:: Listed records ::
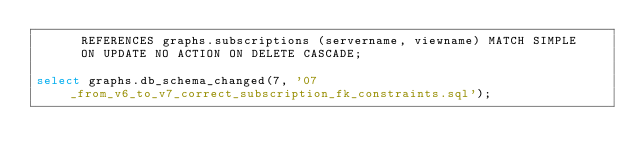Convert code to text. <code><loc_0><loc_0><loc_500><loc_500><_SQL_>      REFERENCES graphs.subscriptions (servername, viewname) MATCH SIMPLE
      ON UPDATE NO ACTION ON DELETE CASCADE;

select graphs.db_schema_changed(7, '07_from_v6_to_v7_correct_subscription_fk_constraints.sql');</code> 
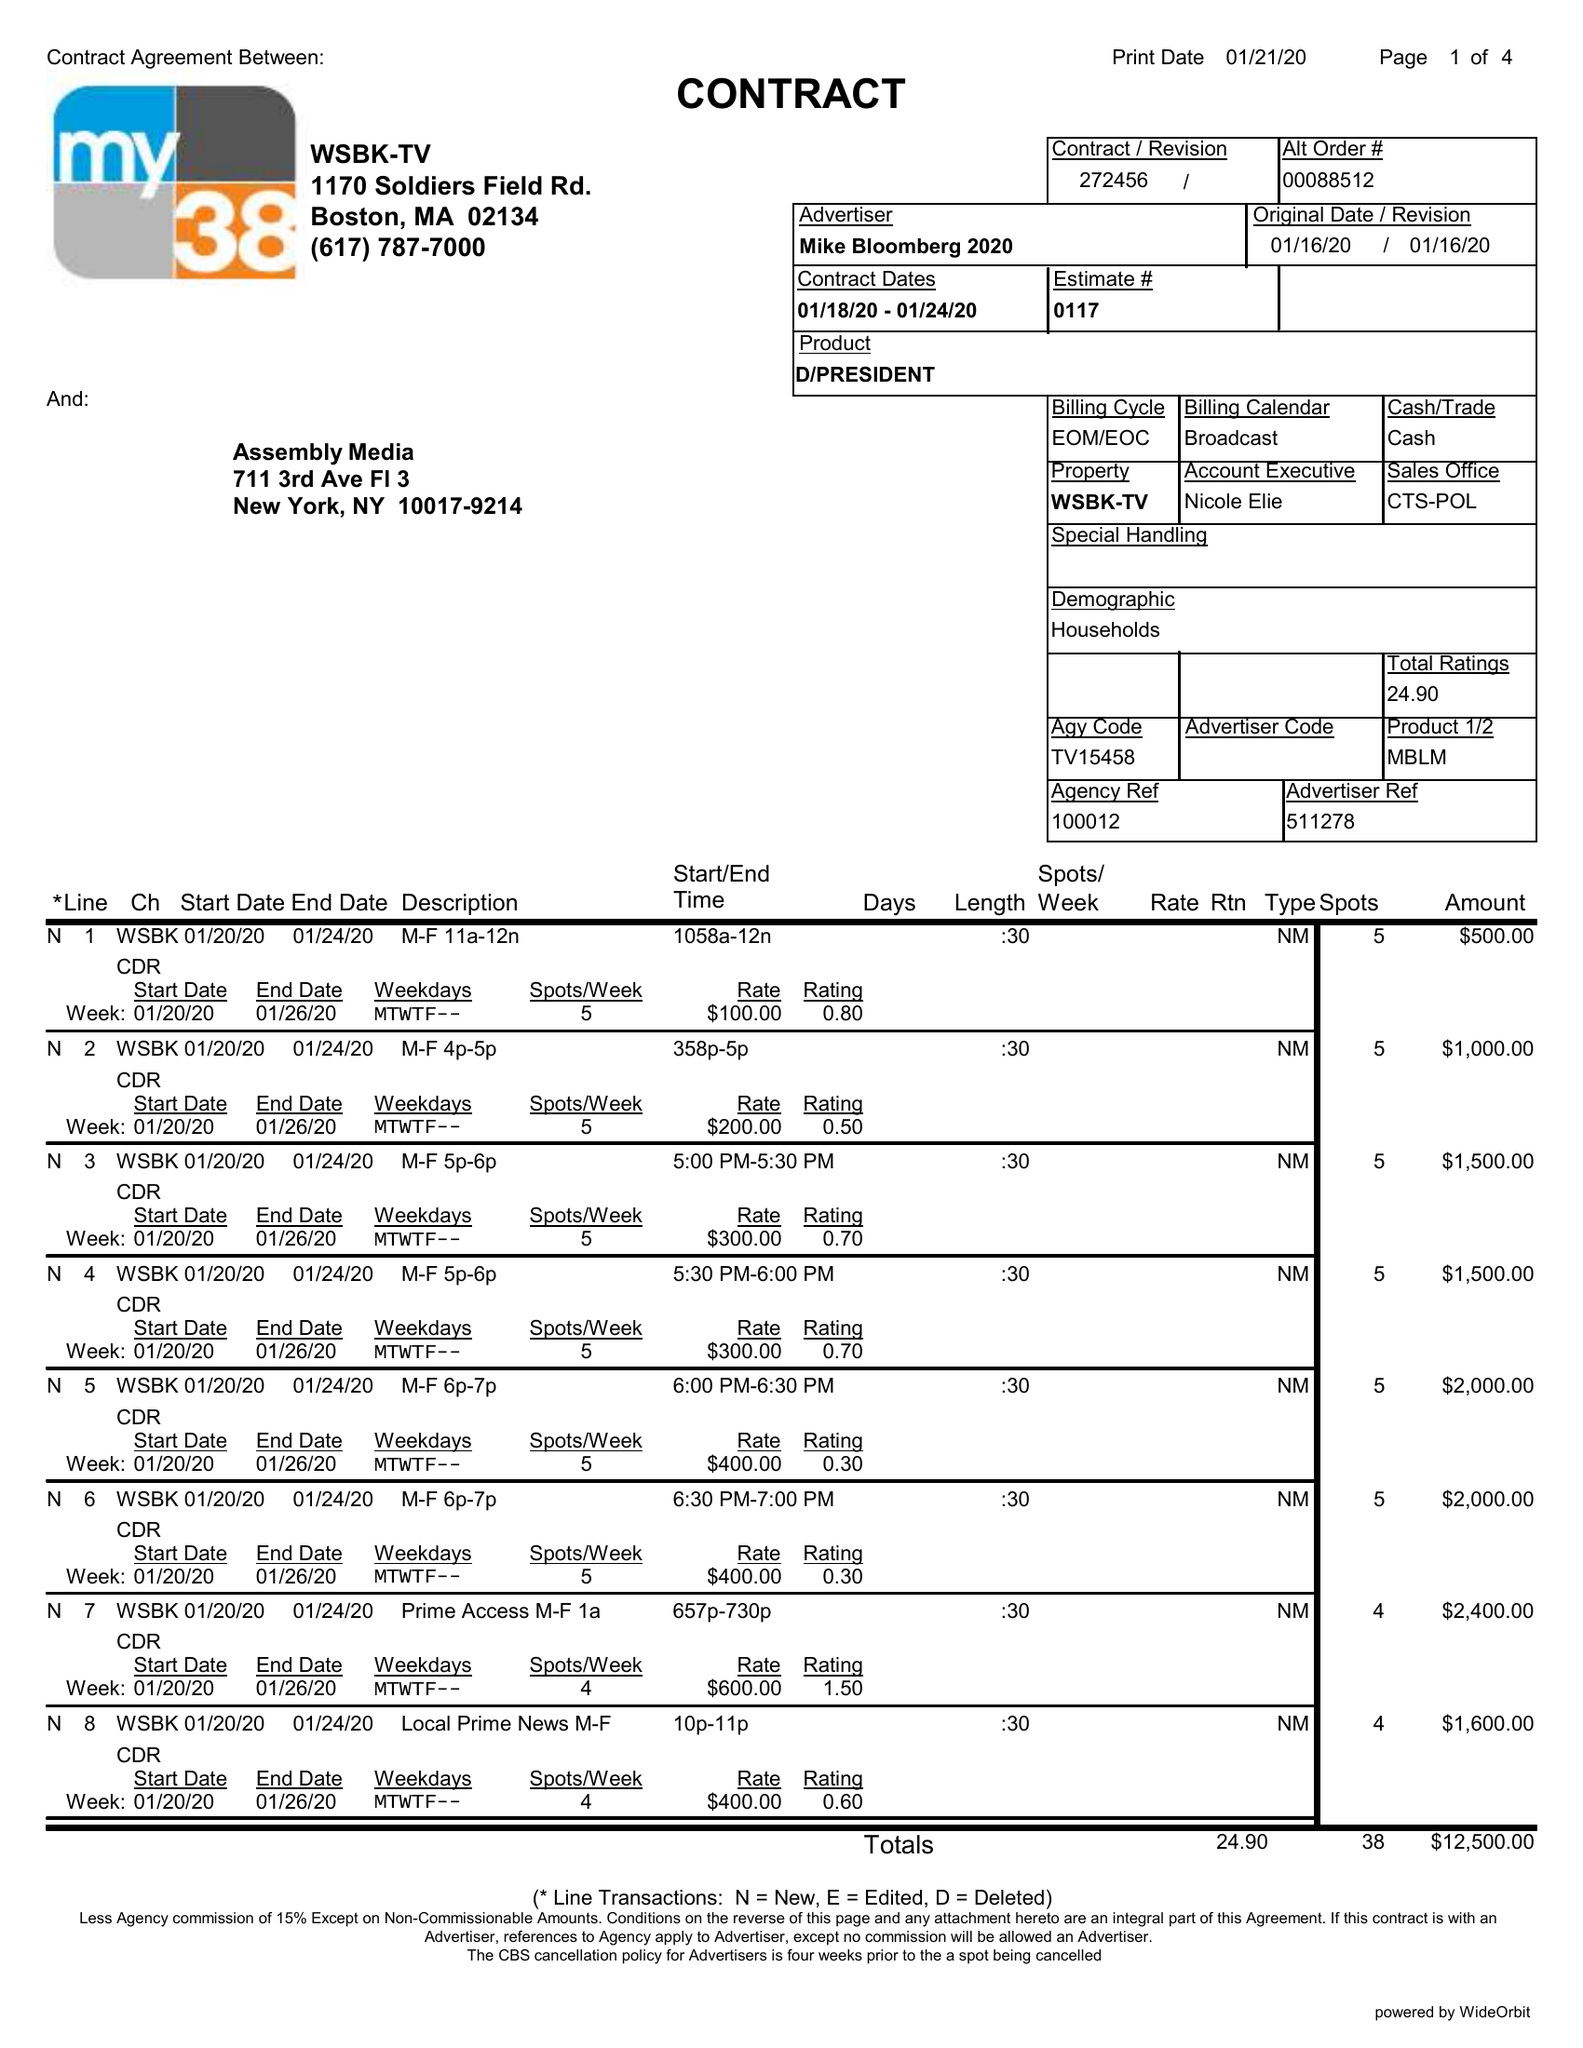What is the value for the advertiser?
Answer the question using a single word or phrase. MIKE BLOOMBERG 2020

:: Problem statement ::
Take every entry and repeat it verbatim, minus the pictures.

:: Answer space ::
Convert code to text. <code><loc_0><loc_0><loc_500><loc_500><_SQL_>      REFERENCES graphs.subscriptions (servername, viewname) MATCH SIMPLE
      ON UPDATE NO ACTION ON DELETE CASCADE;

select graphs.db_schema_changed(7, '07_from_v6_to_v7_correct_subscription_fk_constraints.sql');</code> 
What is the value for the advertiser?
Answer the question using a single word or phrase. MIKE BLOOMBERG 2020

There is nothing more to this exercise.